What I find most interesting is that the stated justification for the carve-out of records specifying "individuals charged or suspected of war crimes" is that such records "include unsubstantiated information and hearsay evidence which may not have been submitted to judicial process."  The issue, it would appear, is whether making the names and accusations public would unfairly stigmatize the accused (or perhaps their descendants) when the evidence underlying those accusations may be wanting.  In the AP piece, for example, ICC prosecutor Luis Moreno Ocampo is asked "whether names should still be blacked out after 60 years" and responds that "It has to be clear these are people who are under investigation as suspects. They are not guilty. It has to be properly managed."

While the passage of more than 60 years might ameliorate the effect, it also could make it worse if only the questionable evidence has survived while contemporaneous information and evidence that might have contradicted the accusations or tended to prove the innocence of the accused has been lost to history. A 2002 article by Boris V. Ananich called "The Historian and the Source: Problems of Reliability and Ethics" describes this problem in some depth.  Ananich discusses the difficulty of dealing with records of political trials in the U.S.S.R. from the 1920s and 30s in which individuals were "accused of belonging to a conspiracy against the Soviet regime, attempting to organize a coup d'etat, and working with foreign powers." The trials, however, "were fabricated by the secret police," included coerced confessions, and "as a rule, the accusations of the arrested had no real foundation."  Ananich describes the issues he and his colleagues went through in publishing these records, which were of "great scholarly importance," in a responsible manner that would highlight to an unwary researcher the palpable possibility of fabrications.

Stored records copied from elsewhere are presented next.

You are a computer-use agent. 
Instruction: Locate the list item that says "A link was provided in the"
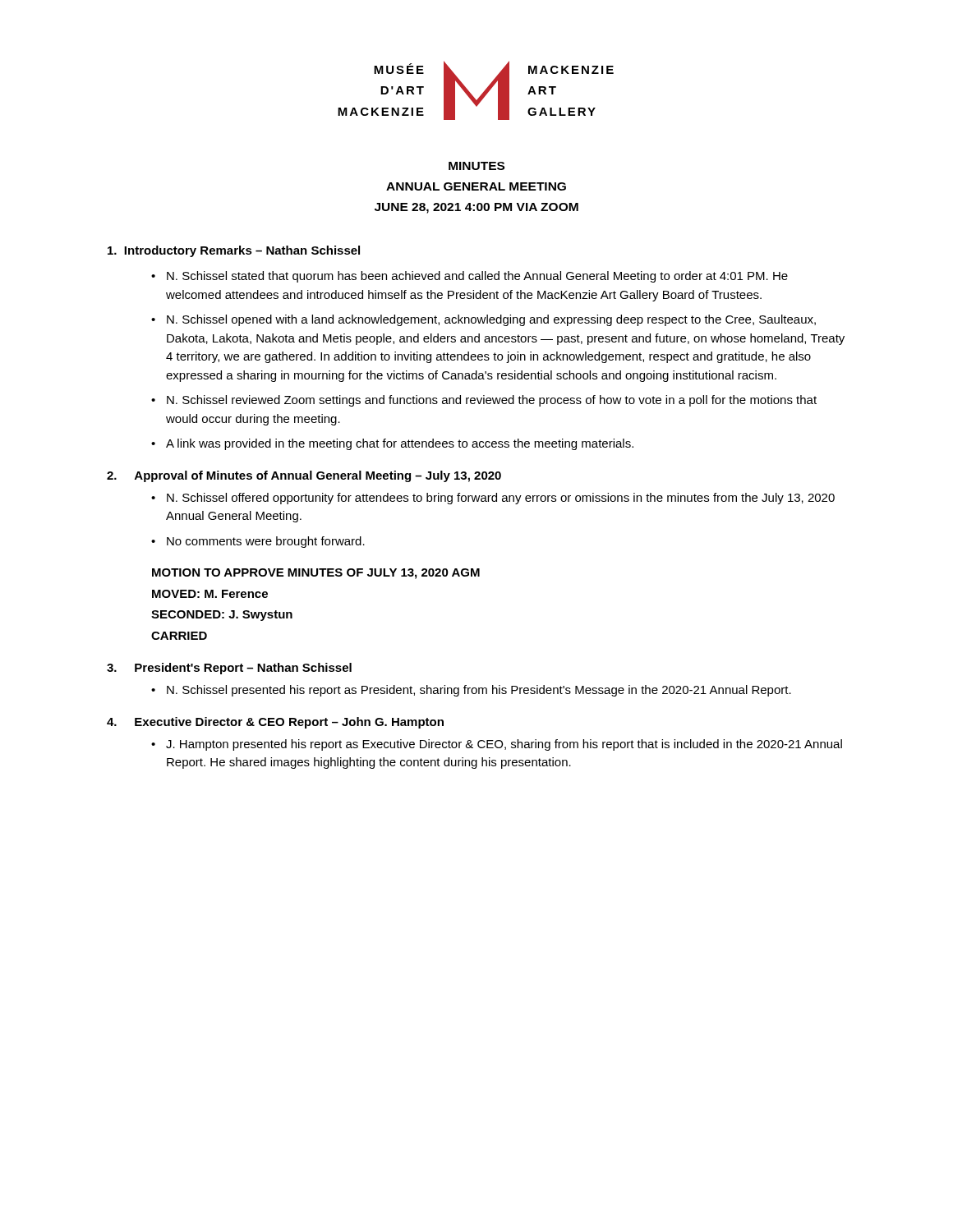(x=400, y=443)
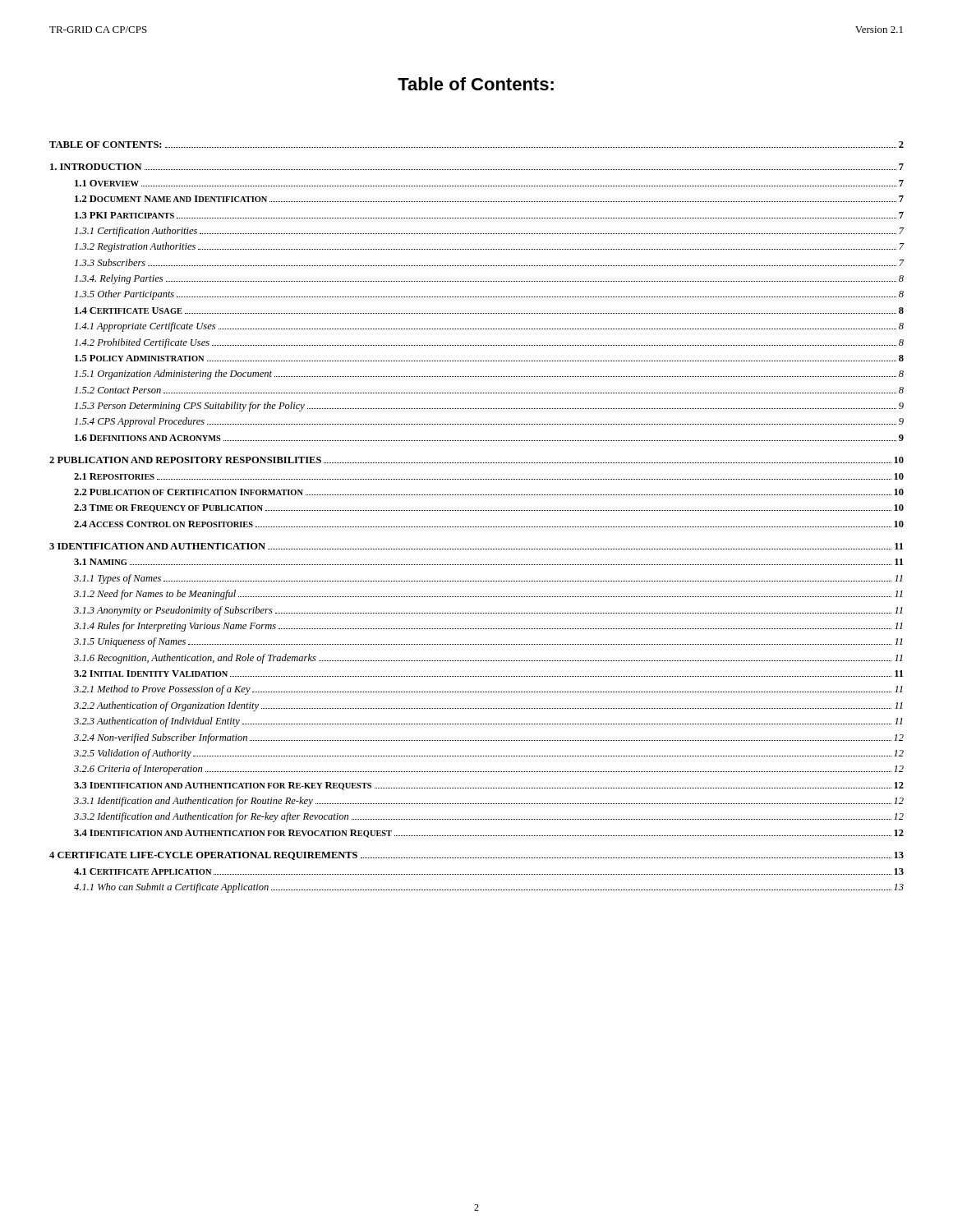Image resolution: width=953 pixels, height=1232 pixels.
Task: Point to "3.3 Subscribers 7"
Action: 489,263
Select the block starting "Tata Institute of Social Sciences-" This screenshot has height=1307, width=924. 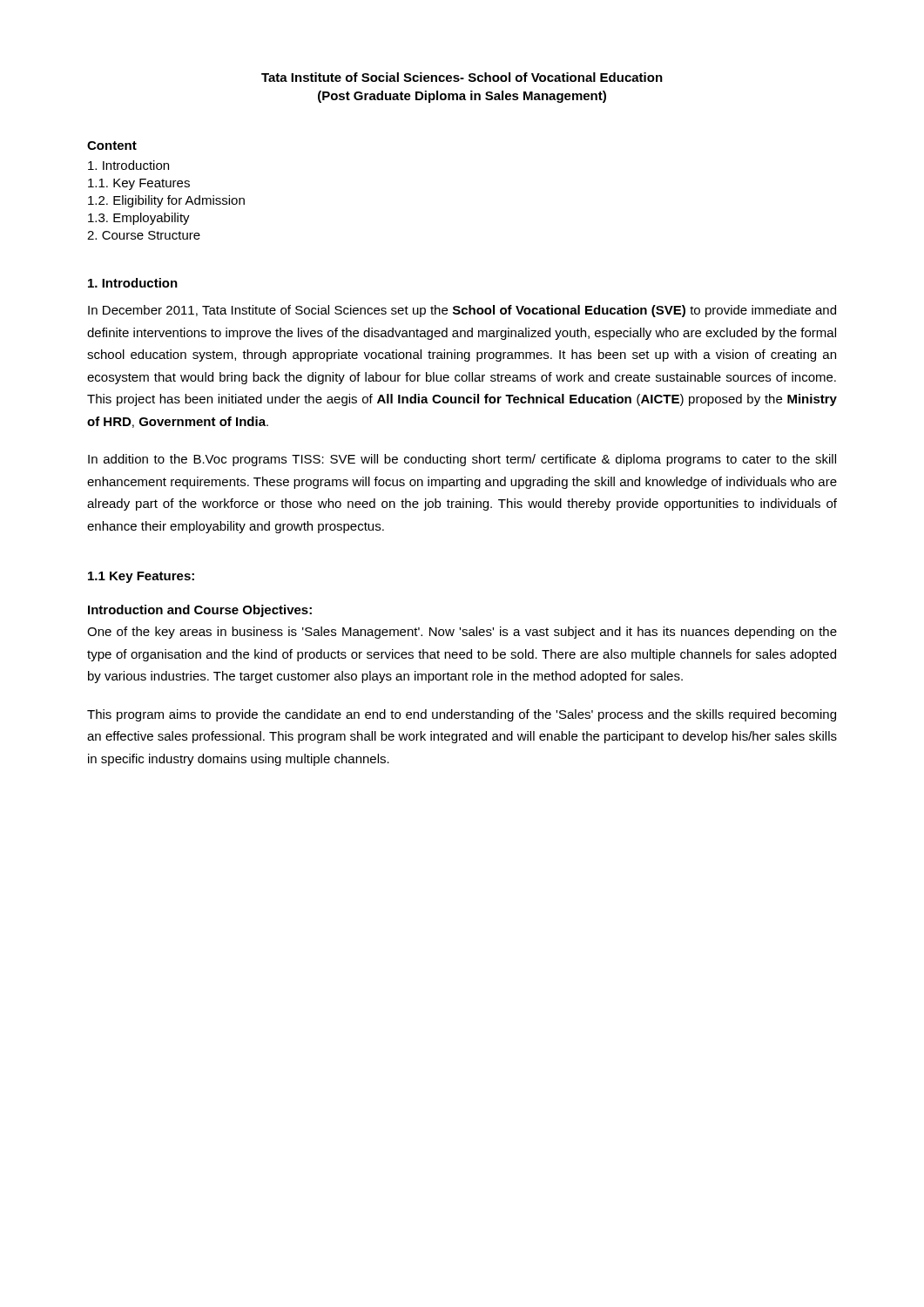point(462,86)

Finally, it is interesting that while archivists and historians are carefully trying to manage the risk of wartime accusations based on hearsay evidence creating historical misperceptions and unjustified stigma, the reliance on hearsay evidence in current cases in the D.C. Circuit Court of Appeals involving living individuals currently in stigmatizing wartime detention is heavier and broader than it has ever been. A cert petition filed just last week with the U.S. Supreme Court, for example, argues:
The habeas procedures now mandated by the court of appeals all but guarantee the government's success. And the fulcrum on which the playing field is tilted in the government's favor is the court's complete rejection of any restriction on the admissibility of the government's hearsay evidence. . . . the court of appeals requires the district court to disregard the Federal Rules of Evidence, and to consider all hearsay, including hearsay that otherwise would clearly be inadmissible, such as raw intelligence reports of interrogations by unknown interrogators of unknown subjects under circumstances that the government refuses to disclose.